Task prompt: In the data below, find each line that contains the word "December" and copy it.

Record excerpts:
▽

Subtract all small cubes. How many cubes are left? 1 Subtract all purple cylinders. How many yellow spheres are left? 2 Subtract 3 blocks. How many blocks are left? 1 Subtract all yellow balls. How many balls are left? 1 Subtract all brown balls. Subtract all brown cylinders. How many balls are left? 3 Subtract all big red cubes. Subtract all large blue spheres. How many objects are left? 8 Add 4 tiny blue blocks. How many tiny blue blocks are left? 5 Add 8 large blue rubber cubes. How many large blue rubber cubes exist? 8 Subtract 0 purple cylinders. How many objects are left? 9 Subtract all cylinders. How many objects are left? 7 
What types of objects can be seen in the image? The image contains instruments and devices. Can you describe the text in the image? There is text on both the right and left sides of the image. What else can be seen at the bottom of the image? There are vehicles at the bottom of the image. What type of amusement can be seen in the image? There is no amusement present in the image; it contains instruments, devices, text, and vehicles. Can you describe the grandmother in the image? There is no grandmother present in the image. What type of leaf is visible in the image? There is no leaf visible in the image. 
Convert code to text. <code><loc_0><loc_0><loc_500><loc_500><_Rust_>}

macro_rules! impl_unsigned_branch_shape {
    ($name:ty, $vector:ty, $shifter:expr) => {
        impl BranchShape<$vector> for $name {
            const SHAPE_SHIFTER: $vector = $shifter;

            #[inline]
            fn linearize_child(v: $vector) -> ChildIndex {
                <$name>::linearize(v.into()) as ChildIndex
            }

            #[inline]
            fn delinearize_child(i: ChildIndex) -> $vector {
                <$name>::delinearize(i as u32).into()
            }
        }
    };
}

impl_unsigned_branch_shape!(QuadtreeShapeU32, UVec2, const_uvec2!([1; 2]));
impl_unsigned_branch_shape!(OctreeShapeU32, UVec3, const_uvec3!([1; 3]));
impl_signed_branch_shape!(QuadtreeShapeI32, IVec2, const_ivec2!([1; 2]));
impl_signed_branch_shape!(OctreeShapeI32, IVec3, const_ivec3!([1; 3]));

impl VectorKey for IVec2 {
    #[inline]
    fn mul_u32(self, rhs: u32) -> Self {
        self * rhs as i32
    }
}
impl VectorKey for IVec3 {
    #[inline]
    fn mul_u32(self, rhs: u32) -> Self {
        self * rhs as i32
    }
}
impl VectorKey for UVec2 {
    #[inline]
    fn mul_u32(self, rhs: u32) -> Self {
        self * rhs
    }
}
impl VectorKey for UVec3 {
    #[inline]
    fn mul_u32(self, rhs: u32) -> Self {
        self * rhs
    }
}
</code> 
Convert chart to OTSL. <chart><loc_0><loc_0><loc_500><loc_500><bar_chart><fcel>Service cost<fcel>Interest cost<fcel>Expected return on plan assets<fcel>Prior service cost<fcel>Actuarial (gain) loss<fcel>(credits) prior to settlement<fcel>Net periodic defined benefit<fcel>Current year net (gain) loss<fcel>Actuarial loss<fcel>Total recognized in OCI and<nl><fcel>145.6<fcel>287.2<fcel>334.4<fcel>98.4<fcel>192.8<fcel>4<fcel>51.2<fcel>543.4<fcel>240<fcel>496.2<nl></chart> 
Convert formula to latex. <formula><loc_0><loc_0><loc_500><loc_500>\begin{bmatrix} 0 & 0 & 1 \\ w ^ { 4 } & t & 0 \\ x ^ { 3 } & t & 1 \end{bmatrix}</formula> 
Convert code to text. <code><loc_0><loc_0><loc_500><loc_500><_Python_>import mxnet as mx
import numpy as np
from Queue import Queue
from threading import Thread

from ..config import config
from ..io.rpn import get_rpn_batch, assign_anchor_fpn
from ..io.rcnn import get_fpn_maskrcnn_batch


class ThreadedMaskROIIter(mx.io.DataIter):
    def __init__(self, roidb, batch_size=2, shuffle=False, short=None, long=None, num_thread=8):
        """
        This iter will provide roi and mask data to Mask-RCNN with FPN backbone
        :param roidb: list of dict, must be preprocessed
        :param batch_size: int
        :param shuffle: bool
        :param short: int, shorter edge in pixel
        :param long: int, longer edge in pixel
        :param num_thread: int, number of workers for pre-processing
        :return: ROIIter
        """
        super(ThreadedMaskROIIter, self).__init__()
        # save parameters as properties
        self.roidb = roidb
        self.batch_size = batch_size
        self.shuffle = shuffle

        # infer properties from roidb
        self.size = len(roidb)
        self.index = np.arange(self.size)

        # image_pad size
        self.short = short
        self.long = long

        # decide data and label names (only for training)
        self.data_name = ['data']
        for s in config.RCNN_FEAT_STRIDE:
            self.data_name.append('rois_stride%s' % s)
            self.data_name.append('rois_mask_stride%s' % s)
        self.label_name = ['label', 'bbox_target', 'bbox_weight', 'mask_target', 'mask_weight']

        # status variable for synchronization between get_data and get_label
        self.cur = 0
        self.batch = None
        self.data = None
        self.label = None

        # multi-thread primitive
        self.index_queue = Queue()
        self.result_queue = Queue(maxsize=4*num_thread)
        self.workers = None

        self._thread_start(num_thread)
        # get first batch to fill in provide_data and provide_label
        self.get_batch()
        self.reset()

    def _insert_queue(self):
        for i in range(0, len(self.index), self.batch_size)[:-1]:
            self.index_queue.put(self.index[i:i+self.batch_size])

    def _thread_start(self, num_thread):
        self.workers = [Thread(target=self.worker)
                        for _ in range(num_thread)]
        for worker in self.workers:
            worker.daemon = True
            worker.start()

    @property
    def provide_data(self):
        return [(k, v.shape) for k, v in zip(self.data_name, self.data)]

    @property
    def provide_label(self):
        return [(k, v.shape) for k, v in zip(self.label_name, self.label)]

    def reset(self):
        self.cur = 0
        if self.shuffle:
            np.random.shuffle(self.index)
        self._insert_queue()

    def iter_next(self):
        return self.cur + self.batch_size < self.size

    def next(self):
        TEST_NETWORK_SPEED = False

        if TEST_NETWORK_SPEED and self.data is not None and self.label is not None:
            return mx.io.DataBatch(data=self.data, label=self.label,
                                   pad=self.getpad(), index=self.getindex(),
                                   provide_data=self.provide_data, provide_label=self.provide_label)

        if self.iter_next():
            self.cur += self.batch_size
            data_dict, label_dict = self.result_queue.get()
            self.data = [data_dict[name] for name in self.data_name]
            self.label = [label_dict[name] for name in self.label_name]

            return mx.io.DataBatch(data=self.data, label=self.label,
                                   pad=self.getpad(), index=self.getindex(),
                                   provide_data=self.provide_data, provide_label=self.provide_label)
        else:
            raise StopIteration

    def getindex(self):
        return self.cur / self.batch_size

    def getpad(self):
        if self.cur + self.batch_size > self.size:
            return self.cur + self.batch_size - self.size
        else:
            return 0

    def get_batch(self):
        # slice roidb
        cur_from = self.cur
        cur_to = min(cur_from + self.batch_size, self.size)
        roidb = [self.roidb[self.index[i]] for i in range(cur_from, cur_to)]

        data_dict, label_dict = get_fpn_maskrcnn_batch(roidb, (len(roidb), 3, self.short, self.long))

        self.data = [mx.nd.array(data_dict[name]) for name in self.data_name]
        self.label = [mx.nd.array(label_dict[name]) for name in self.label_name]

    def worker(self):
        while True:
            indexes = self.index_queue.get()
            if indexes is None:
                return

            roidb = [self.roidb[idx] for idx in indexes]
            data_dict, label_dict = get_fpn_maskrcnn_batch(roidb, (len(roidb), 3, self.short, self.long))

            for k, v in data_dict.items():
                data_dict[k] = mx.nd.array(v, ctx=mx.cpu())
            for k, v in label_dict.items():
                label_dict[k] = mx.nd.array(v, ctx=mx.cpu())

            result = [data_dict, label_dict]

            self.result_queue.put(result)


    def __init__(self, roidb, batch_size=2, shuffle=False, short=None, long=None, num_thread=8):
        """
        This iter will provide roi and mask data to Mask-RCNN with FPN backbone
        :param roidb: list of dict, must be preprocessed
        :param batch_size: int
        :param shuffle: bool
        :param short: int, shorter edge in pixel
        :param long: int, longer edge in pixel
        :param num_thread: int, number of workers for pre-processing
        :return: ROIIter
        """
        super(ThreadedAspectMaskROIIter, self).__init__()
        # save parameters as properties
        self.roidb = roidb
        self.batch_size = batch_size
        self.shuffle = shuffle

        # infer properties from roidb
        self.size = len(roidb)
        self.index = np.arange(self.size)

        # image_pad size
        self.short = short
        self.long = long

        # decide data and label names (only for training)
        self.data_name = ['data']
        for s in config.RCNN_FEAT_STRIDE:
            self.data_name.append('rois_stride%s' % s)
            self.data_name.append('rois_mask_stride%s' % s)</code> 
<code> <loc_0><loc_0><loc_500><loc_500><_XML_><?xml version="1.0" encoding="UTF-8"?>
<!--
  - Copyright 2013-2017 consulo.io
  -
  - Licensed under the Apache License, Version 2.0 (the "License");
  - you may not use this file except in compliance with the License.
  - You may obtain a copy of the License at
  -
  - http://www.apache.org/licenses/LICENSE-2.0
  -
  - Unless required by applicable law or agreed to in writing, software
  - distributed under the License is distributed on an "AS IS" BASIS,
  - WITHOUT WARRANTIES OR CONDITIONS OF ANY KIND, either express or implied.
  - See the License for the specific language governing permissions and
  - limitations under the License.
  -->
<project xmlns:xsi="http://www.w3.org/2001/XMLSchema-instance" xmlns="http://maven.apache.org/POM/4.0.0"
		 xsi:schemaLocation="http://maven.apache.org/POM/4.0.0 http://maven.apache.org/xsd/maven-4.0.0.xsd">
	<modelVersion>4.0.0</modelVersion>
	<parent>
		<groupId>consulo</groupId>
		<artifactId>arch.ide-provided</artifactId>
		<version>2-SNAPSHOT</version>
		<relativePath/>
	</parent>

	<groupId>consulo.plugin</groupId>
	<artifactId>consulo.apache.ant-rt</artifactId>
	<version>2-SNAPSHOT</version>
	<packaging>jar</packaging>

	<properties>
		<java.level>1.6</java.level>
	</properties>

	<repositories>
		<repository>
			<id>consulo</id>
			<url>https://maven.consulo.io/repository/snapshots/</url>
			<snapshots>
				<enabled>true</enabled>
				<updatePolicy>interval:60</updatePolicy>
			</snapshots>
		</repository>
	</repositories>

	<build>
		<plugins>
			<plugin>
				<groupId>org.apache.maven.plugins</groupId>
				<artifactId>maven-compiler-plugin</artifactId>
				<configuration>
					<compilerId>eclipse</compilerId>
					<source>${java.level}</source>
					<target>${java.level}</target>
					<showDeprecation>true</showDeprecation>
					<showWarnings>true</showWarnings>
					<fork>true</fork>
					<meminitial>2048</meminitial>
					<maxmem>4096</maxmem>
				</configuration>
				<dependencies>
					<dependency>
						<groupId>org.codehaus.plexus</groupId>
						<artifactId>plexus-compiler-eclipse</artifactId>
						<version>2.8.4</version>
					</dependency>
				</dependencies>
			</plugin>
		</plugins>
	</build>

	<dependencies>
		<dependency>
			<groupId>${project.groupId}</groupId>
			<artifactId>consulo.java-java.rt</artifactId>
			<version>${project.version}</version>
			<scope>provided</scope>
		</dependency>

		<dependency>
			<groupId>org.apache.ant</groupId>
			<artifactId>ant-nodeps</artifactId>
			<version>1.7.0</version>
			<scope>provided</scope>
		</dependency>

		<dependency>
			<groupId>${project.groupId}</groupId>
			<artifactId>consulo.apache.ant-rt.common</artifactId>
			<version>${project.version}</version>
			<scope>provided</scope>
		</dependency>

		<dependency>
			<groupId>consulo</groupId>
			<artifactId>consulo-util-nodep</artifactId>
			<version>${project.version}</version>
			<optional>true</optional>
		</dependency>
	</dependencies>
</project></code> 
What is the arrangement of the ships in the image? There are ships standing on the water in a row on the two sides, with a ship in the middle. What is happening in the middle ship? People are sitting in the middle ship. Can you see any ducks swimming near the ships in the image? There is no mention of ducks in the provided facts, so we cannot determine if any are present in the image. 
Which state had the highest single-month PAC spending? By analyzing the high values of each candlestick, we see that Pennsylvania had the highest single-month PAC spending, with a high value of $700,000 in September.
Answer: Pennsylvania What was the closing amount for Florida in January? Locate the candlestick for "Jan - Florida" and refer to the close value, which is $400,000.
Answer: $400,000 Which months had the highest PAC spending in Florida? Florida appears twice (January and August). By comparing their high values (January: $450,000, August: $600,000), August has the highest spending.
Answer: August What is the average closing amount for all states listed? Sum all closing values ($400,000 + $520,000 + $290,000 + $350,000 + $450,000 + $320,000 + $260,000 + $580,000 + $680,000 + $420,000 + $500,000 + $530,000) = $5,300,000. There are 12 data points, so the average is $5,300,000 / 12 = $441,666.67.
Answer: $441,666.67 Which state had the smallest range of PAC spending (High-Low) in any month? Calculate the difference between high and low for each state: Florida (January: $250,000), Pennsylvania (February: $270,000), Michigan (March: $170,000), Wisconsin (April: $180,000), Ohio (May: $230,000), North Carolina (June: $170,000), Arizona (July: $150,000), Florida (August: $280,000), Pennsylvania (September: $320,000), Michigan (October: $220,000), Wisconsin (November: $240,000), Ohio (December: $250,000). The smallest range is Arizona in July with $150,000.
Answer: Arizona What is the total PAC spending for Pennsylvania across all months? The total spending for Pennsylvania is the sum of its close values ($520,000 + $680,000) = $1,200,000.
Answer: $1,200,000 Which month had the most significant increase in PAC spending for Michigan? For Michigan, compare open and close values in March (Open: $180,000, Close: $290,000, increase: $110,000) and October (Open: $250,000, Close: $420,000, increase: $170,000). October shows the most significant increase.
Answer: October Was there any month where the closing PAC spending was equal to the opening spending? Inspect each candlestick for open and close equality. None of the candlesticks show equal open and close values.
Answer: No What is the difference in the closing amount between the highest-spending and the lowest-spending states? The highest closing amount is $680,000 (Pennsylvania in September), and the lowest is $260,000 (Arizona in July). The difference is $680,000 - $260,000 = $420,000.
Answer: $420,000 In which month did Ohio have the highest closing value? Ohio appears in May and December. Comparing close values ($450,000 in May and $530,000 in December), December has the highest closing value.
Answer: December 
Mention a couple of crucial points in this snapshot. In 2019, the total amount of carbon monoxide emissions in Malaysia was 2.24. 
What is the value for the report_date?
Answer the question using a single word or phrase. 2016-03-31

△

Answer for the task:
Answer: $441,666.67 Which state had the smallest range of PAC spending (High-Low) in any month? Calculate the difference between high and low for each state: Florida (January: $250,000), Pennsylvania (February: $270,000), Michigan (March: $170,000), Wisconsin (April: $180,000), Ohio (May: $230,000), North Carolina (June: $170,000), Arizona (July: $150,000), Florida (August: $280,000), Pennsylvania (September: $320,000), Michigan (October: $220,000), Wisconsin (November: $240,000), Ohio (December: $250,000). The smallest range is Arizona in July with $150,000.
Answer: $420,000 In which month did Ohio have the highest closing value? Ohio appears in May and December. Comparing close values ($450,000 in May and $530,000 in December), December has the highest closing value.
Answer: December 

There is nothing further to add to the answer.